Tagged systemd , admin

I am a huge fan of docker for my dev environments, it helps me keeping things clear and understanding what are the ressources needed for a project. A few month ago a friend told me that there already is a similar feature on Linux, and this feature is systemd-nspawn.

Creating your first container

So like docker I wanted to first start a container. Nspawn has no environment so everything has to be done “by hand”. First, as long as we do not have any registery we need to retrieve an “image” of the distribution we need.

(all the commands are ran on behalf of the root user)

apt-get install debootstrap
debootstrap --arch=amd64 stable /tmp/my-debian-machine

This is a quite long to retrieve, so you can go and take a coffee during the download ;)

Now, we have a folder containing the debian basic configuration, we can “spawn” it.

systemd-nspawn -D /tmp/my-debian-machine

And that’s it! You now have your own container up and running. The main difference is that, it is not running on AUFS, and every change will be definitive.

Your machine is now visible if you run machinectl.

Booting a container like a real VM

Now, we will see a feature that I didn’t find in docker, the ability to boot your system.

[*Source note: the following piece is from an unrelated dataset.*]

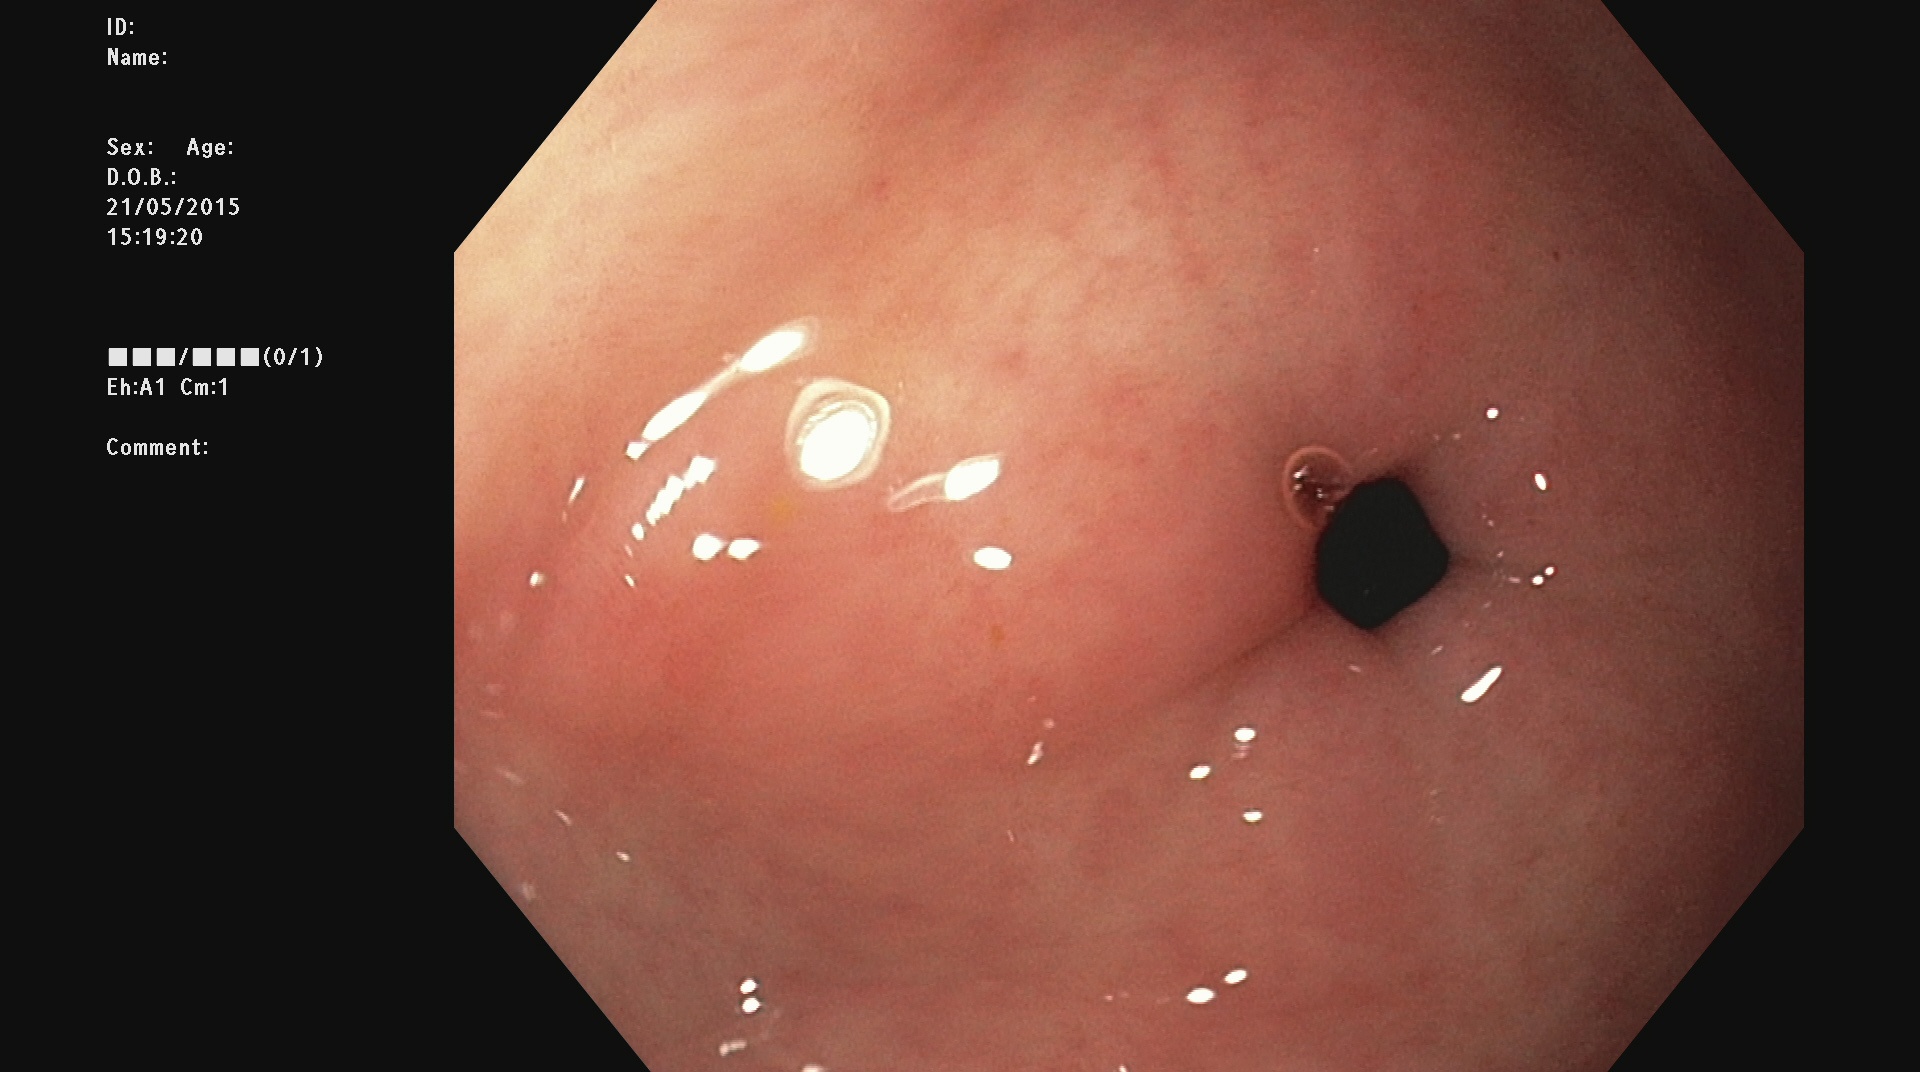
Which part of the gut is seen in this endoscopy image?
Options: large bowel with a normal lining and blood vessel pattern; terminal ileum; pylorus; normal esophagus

pylorus

systemd-nspawn -D /tmp/my-debian-machine -b

And a prompt will appear, so to log in just ’type the root password’. I’m sure you forget to set that before ;). Just stop your container, relaunch it without boot and set the password.

# stop the container
machinectl poweroff my-debian-machine
# launch without boot
systemd-nspawn -D /tmp/my-debian-machine

# when you have the prompt type a new password
passwd

Now, you can reboot and loggin normally. And the most interesting thing about the normal boot, is that now you can profit of all the power of systemd.

Autologin at startup

I have a normal boot, so I have to loggin, but I am in a container and I want to automatically be logged when I start it.

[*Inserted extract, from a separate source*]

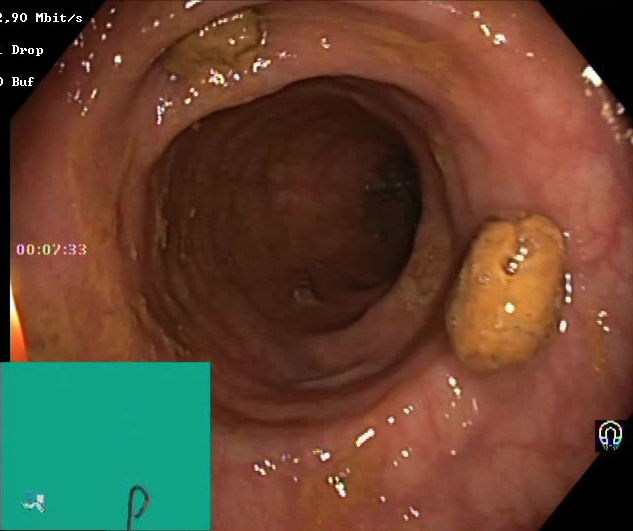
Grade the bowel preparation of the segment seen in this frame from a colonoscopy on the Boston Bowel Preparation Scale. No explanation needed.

Boston Bowel Preparation Scale score 2–3 (adequate preparation)

So, here is how we can do, note: I have tested it on a debian image, the path may not been the same:

When we connect into our container we are using the system console, so we will override the systemd service handling the console to force the autologin. In linux, the console manager is getty and the service dedicated to the console is console-getty@.service

To override a service, you just have to create a service_name.service.d directory in /etc/systemd/system and a file whatever_name.conf.

So, I created the dedicated file and put this inside:

# /etc/systemd/system/console-getty.service.d/autologin.conf
[Service]
ExecStart=
ExecStart=-/sbin/agetty --noclear --autologin root --keep-baud console 115200,38400,9600 $TERM

The first ExecStart= clean the old call so that we can override it in the following line.

First conclusion

Systemd-nspawn comes with great features and is directly shipped in the system, it is a good tool for stuff you want to do in a closed environment. I wanted to ship Steam in a Docker container after reading this, but I think I will use systemd instead.

For development, I will continue to stick with Docker because of the ecosystem and the community. I have started to use docker-compose and it allows a lot of interesting suffs.